Over the past one month, as many as 48 ‘missing’ doctors have resurfaced, hoping to be reinstated in the jobs they had deserted years ago. These doctors are State-appointed medical officers, posted in rural Maharashtra, and in district hospitals at Wardha, Gadchiroli, Gondia, Chandrapur, Bhandara, Kolhapur, and Pune among others. Pune district accounts for at least 19 such doctors, according to health department data.
Over the years, most of these doctors launched private practices without bothering to resign from the State-run centres; most didn’t even file leave applications. They simply disappeared, leaving their centres high and dry. The State’s apathy also helped — in the last 15 years, as many as 227 doctors have gone missing from rural health centres.
However, all of sudden, 48 doctors have appeared on the scene and wish to rejoin government services, thanks mainly to a newspaper advertisement issued on July 7 by the Directorate of Health Services, asking them to report for work.
The truant doctors, who were holding the posts of medical officers, were asked to report to the Directorate failing which the state health department will assume that the concerned doctor was not interested in serving the government and that his services would be terminated.

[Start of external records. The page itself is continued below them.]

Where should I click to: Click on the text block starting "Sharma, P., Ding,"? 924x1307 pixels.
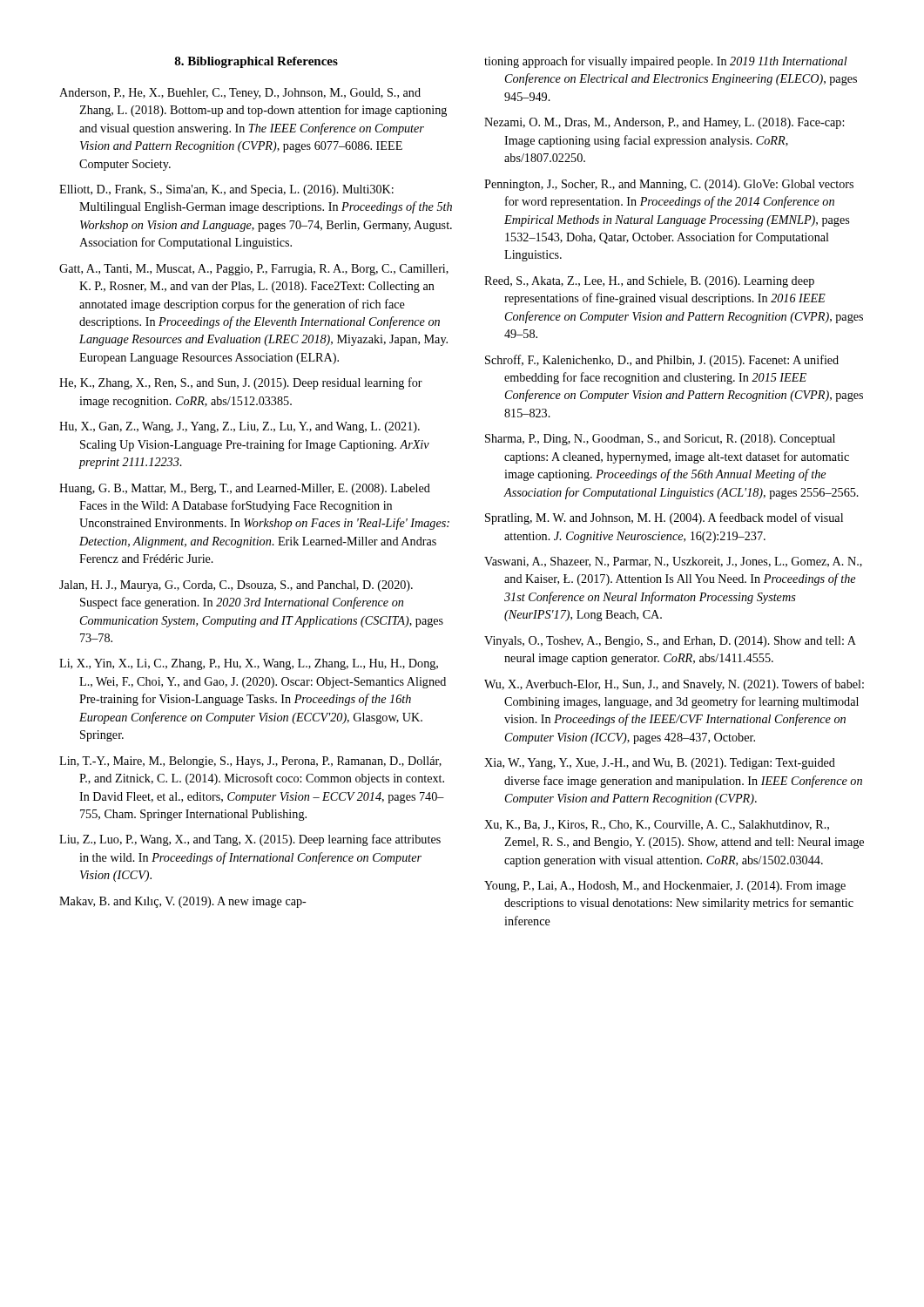(x=672, y=465)
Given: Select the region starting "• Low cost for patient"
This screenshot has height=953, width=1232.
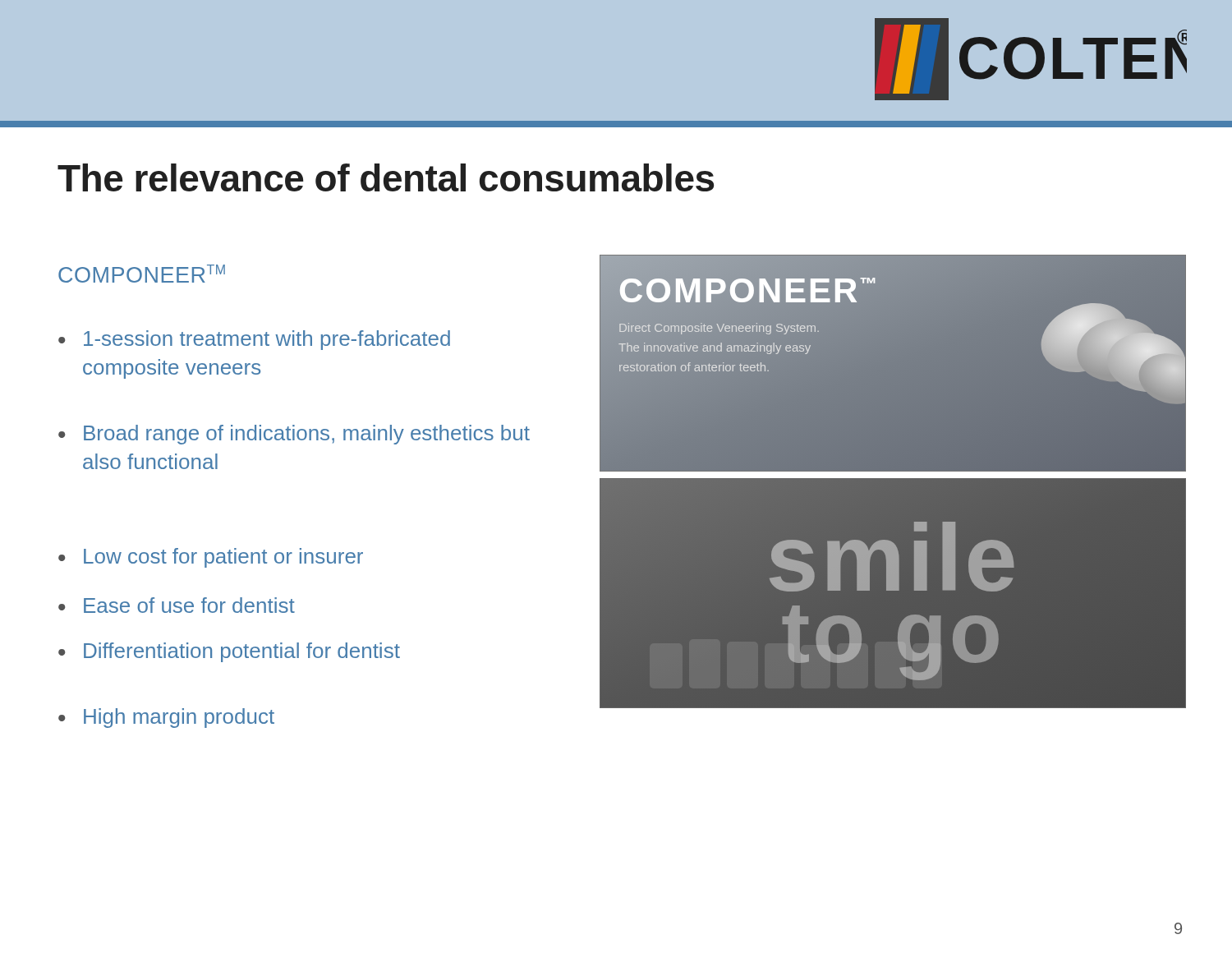Looking at the screenshot, I should tap(300, 557).
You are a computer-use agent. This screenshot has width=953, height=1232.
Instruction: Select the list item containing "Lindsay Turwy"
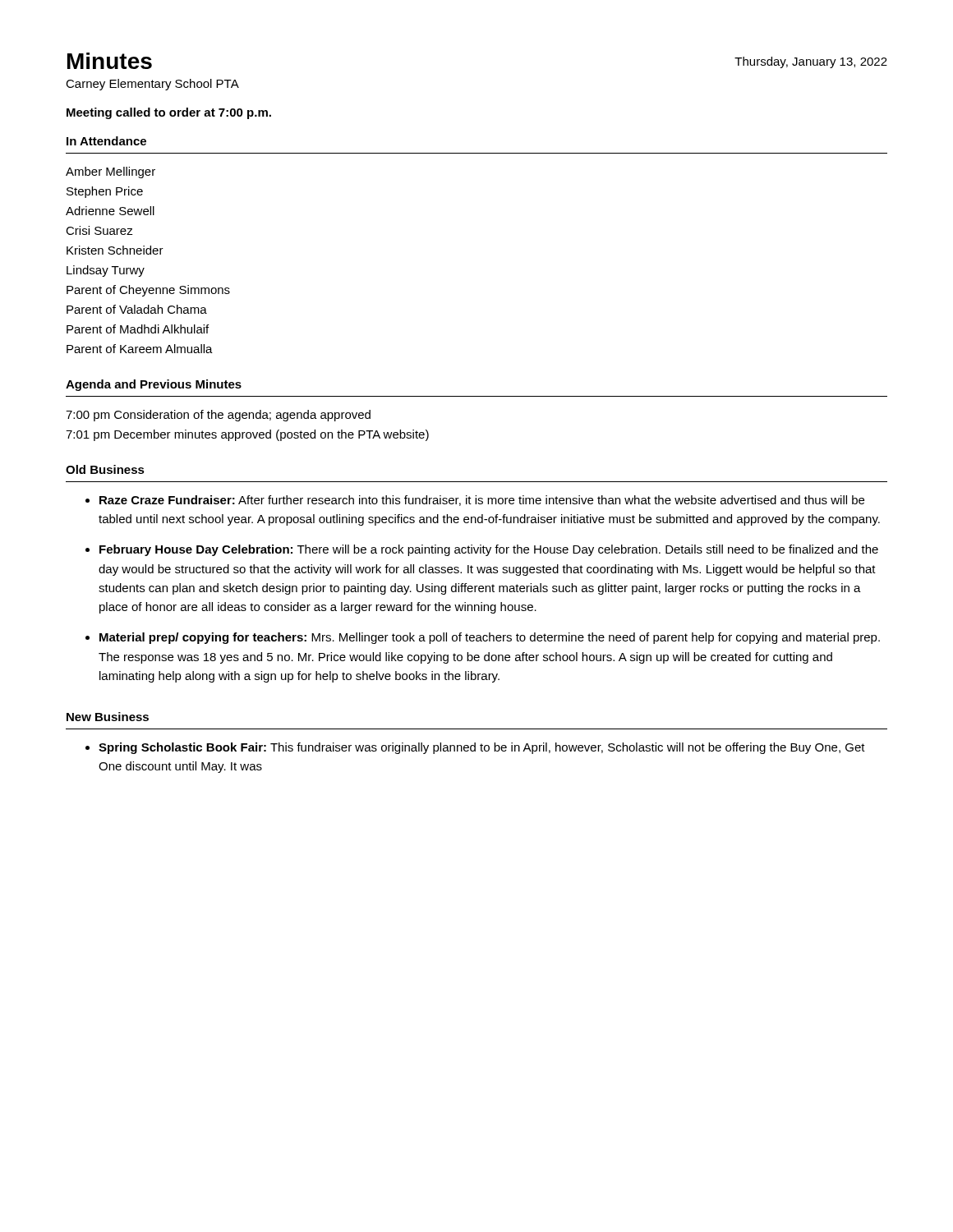click(x=105, y=270)

The 48 doctors who presented themselves before the Directorate of Health Services expressed their interest to rejoin the services of the government. Out of the 227 doctors, 179 are yet to respond and the health department is likely to initiate dismissal procedures against them.
The doctors were appointed as medical officers in district, sub-district, rural and mental hospitals, ones for women as well as to primary health care centres across the state including districts like Thane, Satara, Pune, Nagpur, Kolhapur, Wardha, Chandrapur, Bhandara, Gadchiroli and Gondia among others.
The state health department also plans to take an undertaking from these doctors that henceforth they would not be absent from services without permission and also that the action taken by the state is acceptable.
“These doctors, who were holding the posts of medical officers at various hospitals and health centres across the state, were absconding and just did not report for duty. Most of them went into private practice; neither did they report for work nor did they seek permission to remain absent from duty.
This went on for several years and nobody reined in these doctors and no action was taken against these doctors by health department officials. Therefore, we decided to initiate action against these officials and fill up these posts,” said an official of the state health ministry.
“Some of them might have realised the perks and facilities of government service are better and they might have chosen to return,” an official pointed out.